Design and analysis of a positive-drive cam mechanism with a set of symmetrical offset rollers

Design and analysis of a positive-drive cam mechanism with a set of symmetrical offset rollers.

摘要
The cam mechanism is commonly used in a wide range of machinery due to its stability and efficiency. The pressure angle plays an important role in the design of the cam mechanism. A high-pressure angle could cause problems such as a jamming effect or stuck, higher contact force, and lower transmission efficiency. Conversely, a lower pressure angle necessitates a larger base circle radius, leading to an increase in the overall size of the cam mechanism. This paper addresses these challenges by proposing a modified constant diameter cam mechanism equipped with symmetrical offset rollers. The proposed design significantly improves the transmission efficiency, reduces contact forces and side thrust forces, and enables a more compact cam mechanism.

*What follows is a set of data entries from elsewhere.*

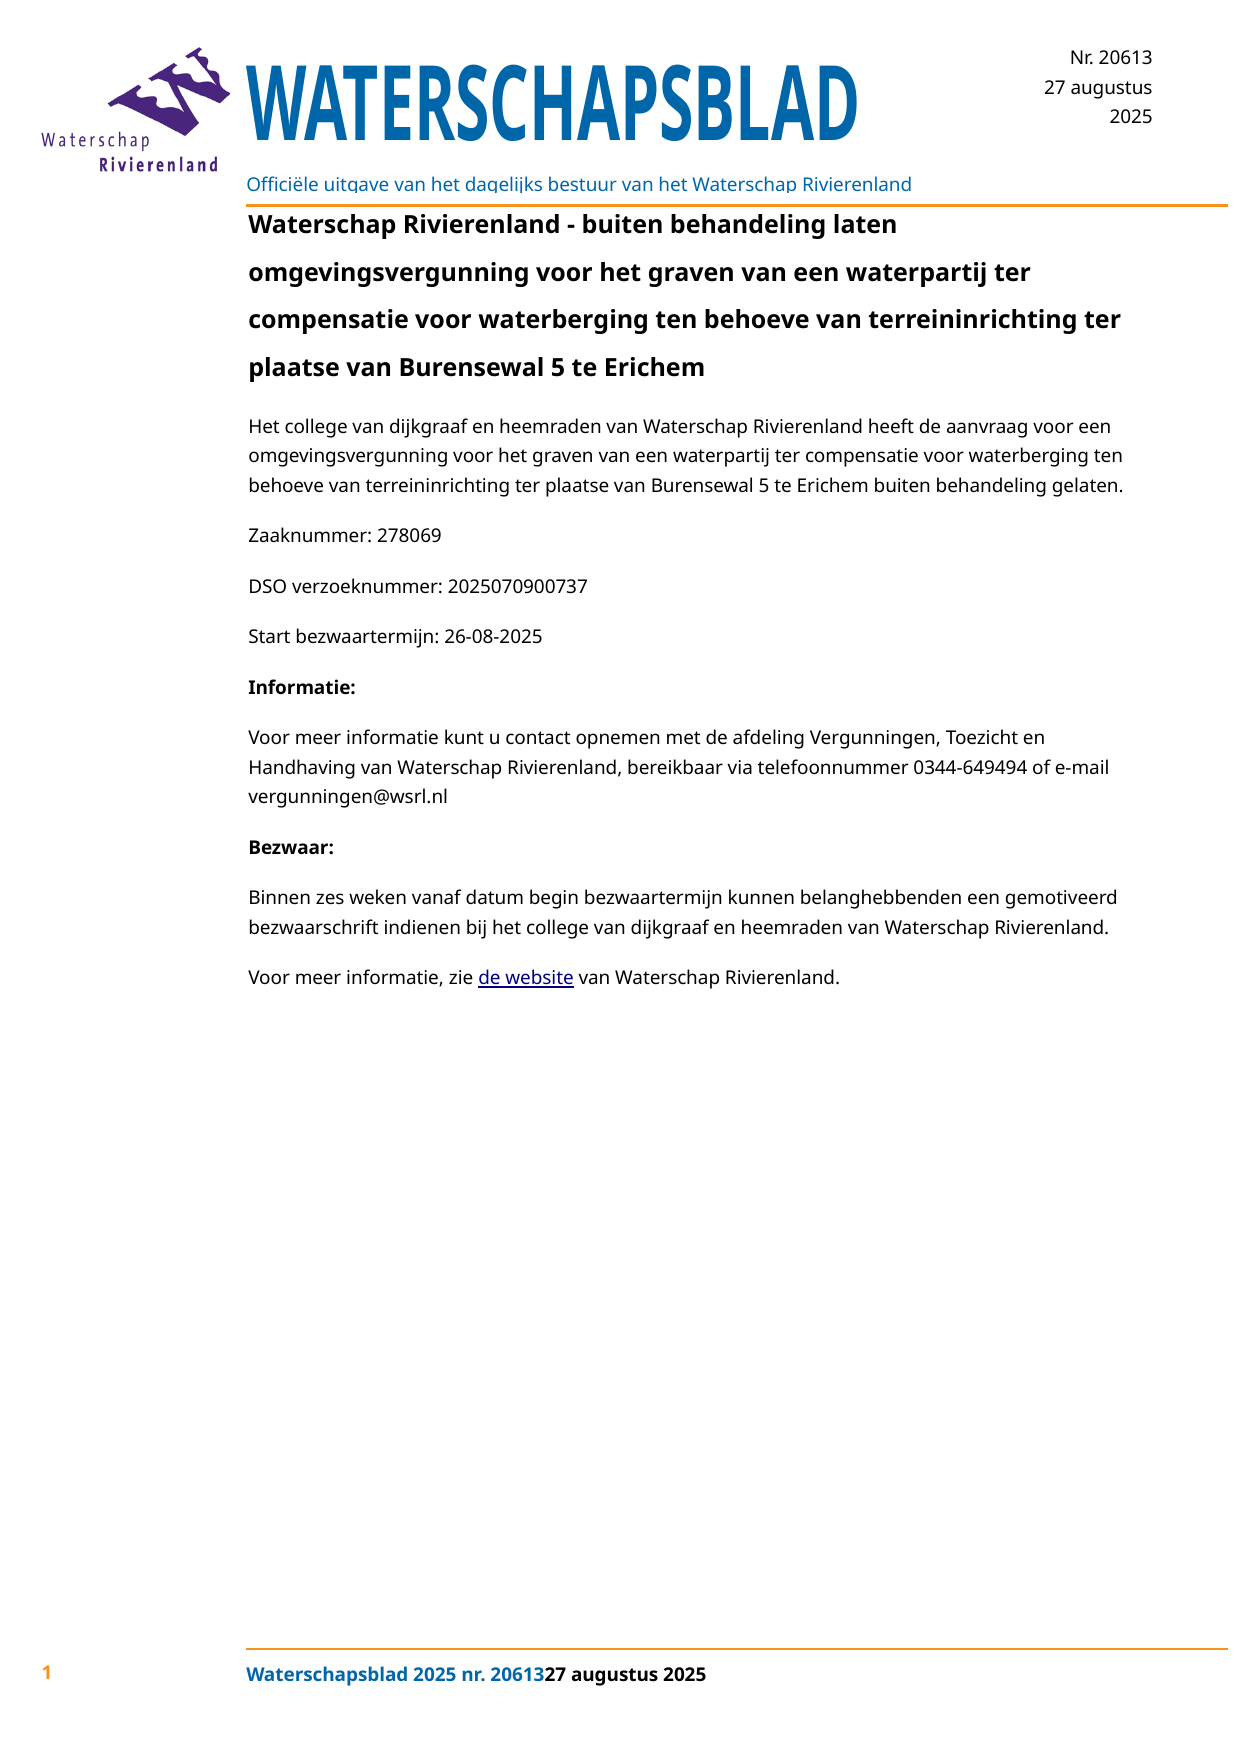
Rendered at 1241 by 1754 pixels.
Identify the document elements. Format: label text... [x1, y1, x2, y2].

text Voor meer informatie kunt u contact opnemen met de afdeling Vergunningen, Toezicht en Handhaving van Waterschap Rivierenland, bereikbaar via telefoonnummer 0344-649494 of e-mail vergunningen@wsrl.nl [248, 724, 1152, 809]
text Start bezwaartermijn: 26-08-2025 [248, 623, 1152, 649]
text Zaaknummer: 278069 [248, 523, 1152, 548]
text Voor meer informatie, zie de website van Waterschap Rivierenland. [248, 964, 1152, 990]
text DSO verzoeknummer: 2025070900737 [248, 573, 1152, 599]
text Waterschap Rivierenland - buiten behandeling laten omgevingsvergunning voor het graven van een waterpartij ter compensatie voor waterberging ten behoeve van terreininrichting ter plaatse van Burensewal 5 te Erichem [248, 207, 1152, 384]
text Binnen zes weken vanaf datum begin bezwaartermijn kunnen belanghebbenden een gemotiveerd bezwaarschrift indienen bij het college van dijkgraaf en heemraden van Waterschap Rivierenland. [248, 884, 1152, 940]
text Informatie: [248, 674, 1152, 700]
text Het college van dijkgraaf en heemraden van Waterschap Rivierenland heeft de aanvraag voor een omgevingsvergunning voor het graven van een waterpartij ter compensatie voor waterberging ten behoeve van terreininrichting ter plaatse van Burensewal 5 te Erichem buiten behandeling gelaten. [248, 413, 1152, 498]
text Bezwaar: [248, 834, 1152, 860]
picture [41, 47, 231, 172]
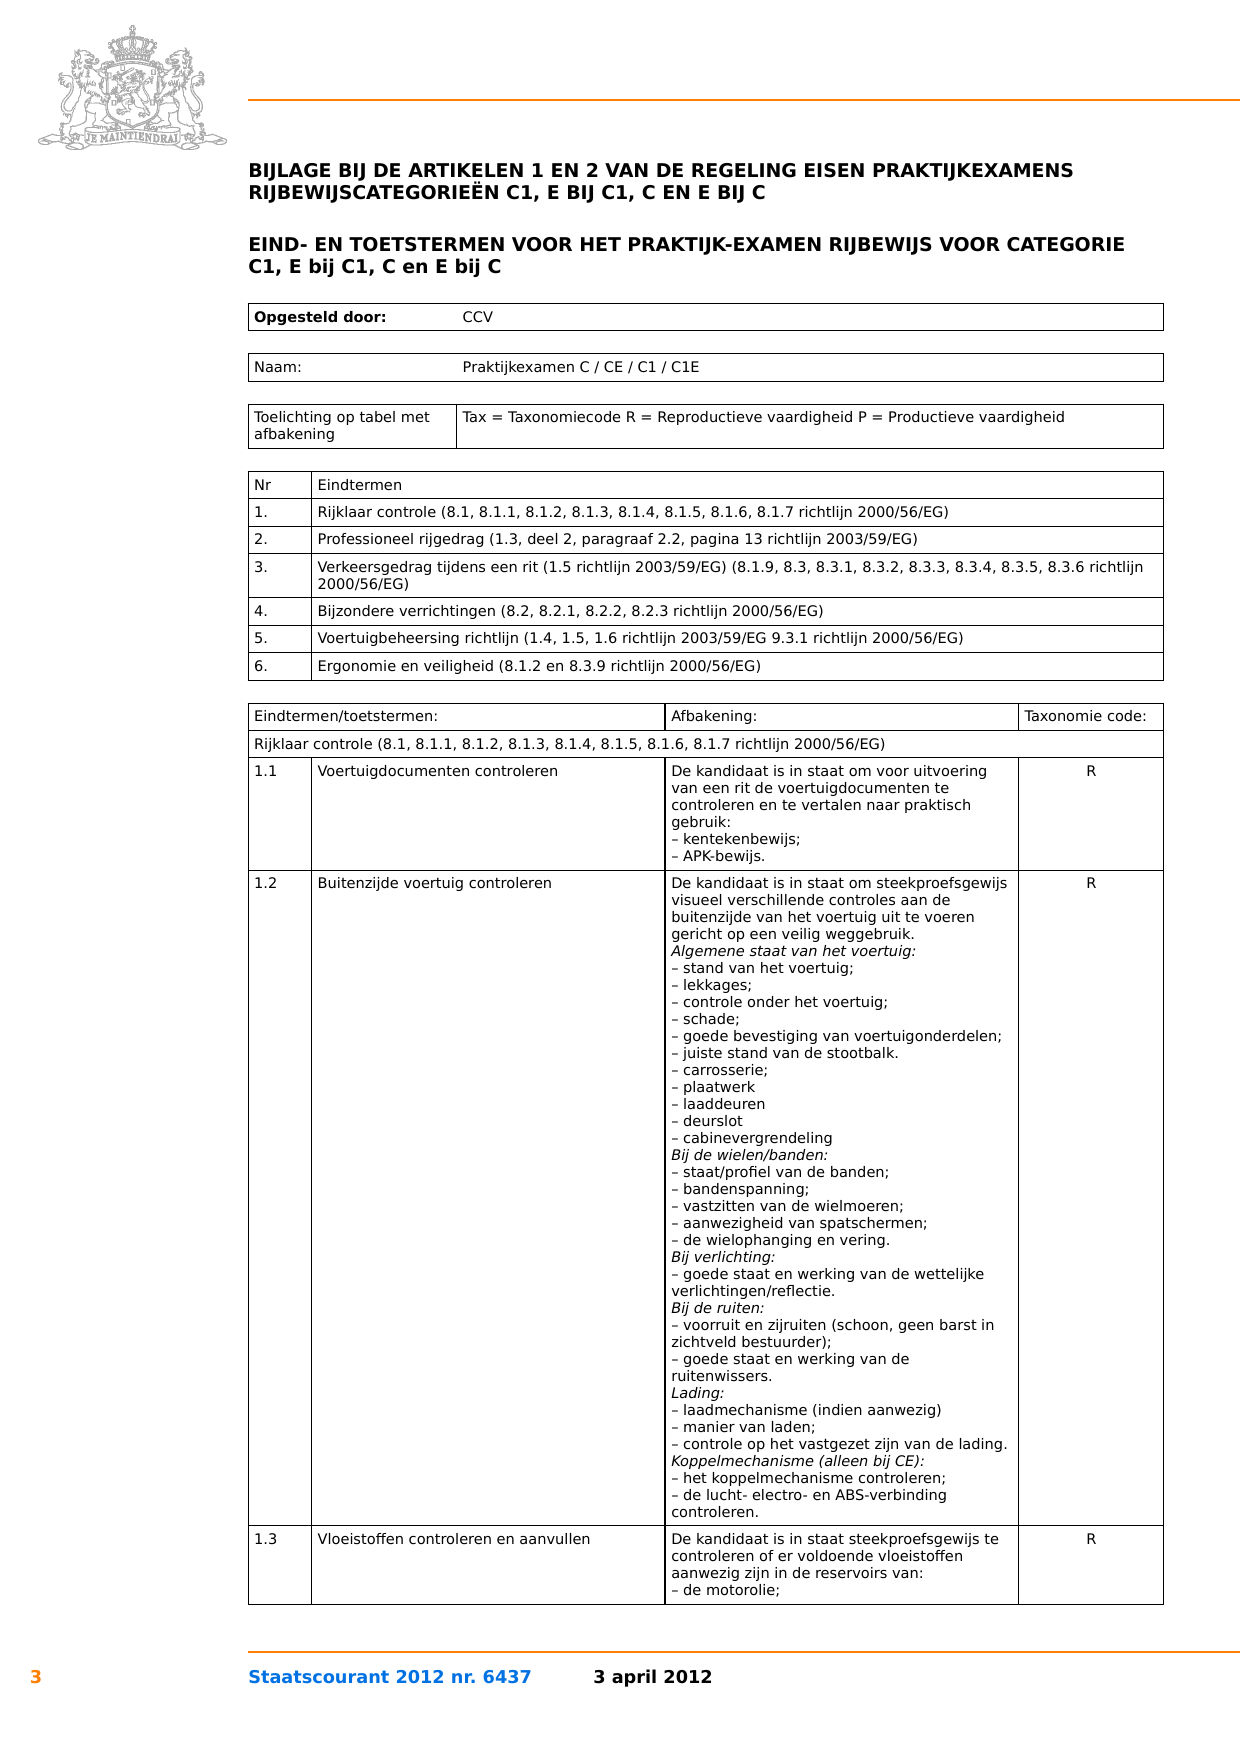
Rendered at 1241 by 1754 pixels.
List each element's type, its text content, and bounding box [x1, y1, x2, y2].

table_header Praktijkexamen C / CE / C1 / C1E [456, 354, 1163, 381]
table_cell Ergonomie en veiligheid (8.1.2 en 8.3.9 richtlijn 2000/56/EG) [312, 653, 1163, 679]
table_cell R [1019, 1526, 1163, 1603]
table_cell Voertuigbeheersing richtlijn (1.4, 1.5, 1.6 richtlijn 2003/59/EG 9.3.1 richtlijn 2000/56/EG) [312, 626, 1163, 652]
table_cell 3. [249, 554, 311, 597]
table_header Eindtermen [312, 472, 1163, 498]
picture [38, 25, 227, 150]
table_cell Voertuigdocumenten controleren [312, 758, 664, 869]
table_header Eindtermen/toetstermen: [249, 704, 664, 730]
table_cell Rijklaar controle (8.1, 8.1.1, 8.1.2, 8.1.3, 8.1.4, 8.1.5, 8.1.6, 8.1.7 richtlijn 2000/56/EG) [249, 731, 1163, 757]
table_cell 2. [249, 527, 311, 553]
table_cell Rijklaar controle (8.1, 8.1.1, 8.1.2, 8.1.3, 8.1.4, 8.1.5, 8.1.6, 8.1.7 richtlijn 2000/56/EG) [312, 499, 1163, 526]
table_cell 1.2 [249, 871, 311, 1525]
subtitle EIND- EN TOETSTERMEN VOOR HET PRAKTIJK-EXAMEN RIJBEWIJS VOOR CATEGORIE C1, E bij C1, C en E bij C [248, 234, 1163, 278]
table_cell Buitenzijde voertuig controleren [312, 871, 664, 1525]
table_header Taxonomie code: [1019, 704, 1163, 730]
table_cell 1.3 [249, 1526, 311, 1603]
table_cell 5. [249, 626, 311, 652]
table_header Naam: [249, 354, 456, 381]
table_cell Professioneel rijgedrag (1.3, deel 2, paragraaf 2.2, pagina 13 richtlijn 2003/59/EG) [312, 527, 1163, 553]
subtitle BIJLAGE BIJ DE ARTIKELEN 1 EN 2 VAN DE REGELING EISEN PRAKTIJKEXAMENS RIJBEWIJSCATEGORIEËN C1, E BIJ C1, C EN E BIJ C [248, 160, 1163, 204]
table_cell 1.1 [249, 758, 311, 869]
table_header Toelichting op tabel met afbakening [249, 405, 456, 448]
table_cell Vloeistoffen controleren en aanvullen [312, 1526, 664, 1603]
table_header Opgesteld door: [249, 304, 456, 330]
table_cell De kandidaat is in staat om steekproefsgewijs visueel verschillende controles aan de buitenzijde van het voertuig uit te voeren gericht op een veilig weggebruik. Algemene staat van het voertuig: – stand van het voertuig; – lekkages; – controle onder het voertuig; – schade; – goede bevestiging van voertuigonderdelen; – juiste stand van de stootbalk. – carrosserie; – plaatwerk – laaddeuren – deurslot – cabinevergrendeling Bij de wielen/banden: – staat/profiel van de banden; – bandenspanning; – vastzitten van de wielmoeren; – aanwezigheid van spatschermen; – de wielophanging en vering. Bij verlichting: – goede staat en werking van de wettelijke verlichtingen/reflectie. Bij de ruiten: – voorruit en zijruiten (schoon, geen barst in zichtveld bestuurder); – goede staat en werking van de ruitenwissers. Lading: – laadmechanisme (indien aanwezig) – manier van laden; – controle op het vastgezet zijn van de lading. Koppelmechanisme (alleen bij CE): – het koppelmechanisme controleren; – de lucht- electro- en ABS-verbinding controleren. [666, 871, 1018, 1525]
table_cell Verkeersgedrag tijdens een rit (1.5 richtlijn 2003/59/EG) (8.1.9, 8.3, 8.3.1, 8.3.2, 8.3.3, 8.3.4, 8.3.5, 8.3.6 richtlijn 2000/56/EG) [312, 554, 1163, 597]
table_cell 6. [249, 653, 311, 679]
table_cell 1. [249, 499, 311, 526]
table_header Afbakening: [666, 704, 1018, 730]
table_cell R [1019, 871, 1163, 1525]
table_cell Bijzondere verrichtingen (8.2, 8.2.1, 8.2.2, 8.2.3 richtlijn 2000/56/EG) [312, 598, 1163, 625]
table_header CCV [456, 304, 1163, 330]
table_cell 4. [249, 598, 311, 625]
table_cell De kandidaat is in staat steekproefsgewijs te controleren of er voldoende vloeistoffen aanwezig zijn in de reservoirs van: – de motorolie; [666, 1526, 1018, 1603]
table_cell De kandidaat is in staat om voor uitvoering van een rit de voertuigdocumenten te controleren en te vertalen naar praktisch gebruik: – kentekenbewijs; – APK-bewijs. [666, 758, 1018, 869]
table_header Nr [249, 472, 311, 498]
table_header Tax = Taxonomiecode R = Reproductieve vaardigheid P = Productieve vaardigheid [457, 405, 1163, 448]
table_cell R [1019, 758, 1163, 869]

An analytical approach is presented for the profile synthesis of the proposed cam, and its design limitations are thoroughly discussed. Furthermore, it is demonstrated that only a single cam profile is required to drive a follower equipped with symmetrical offset rollers. A force analysis confirms the superior performance of the proposed design compared to conventional constant diameter cam mechanisms. Furthermore, an optimization procedure is applied to achieve a balance design with a smaller base circle and a reduced pressure angle, while maintaining efficient force transmission. In the numerical example, the proposed design achieves a 37.39% reduction in maximum pressure angle, an 8.22% reduction in contact force, and up to a 56.04% reduction in side thrust forces. A sensitivity analysis is also conducted to evaluate the influence of design parameters on the maximum pressure angle and contact forces of the cam mechanism. The proposed approach not only enhances the performance of cam mechanisms but also provides a robust solution for applications requiring compact, efficient, and high-performing mechanical systems.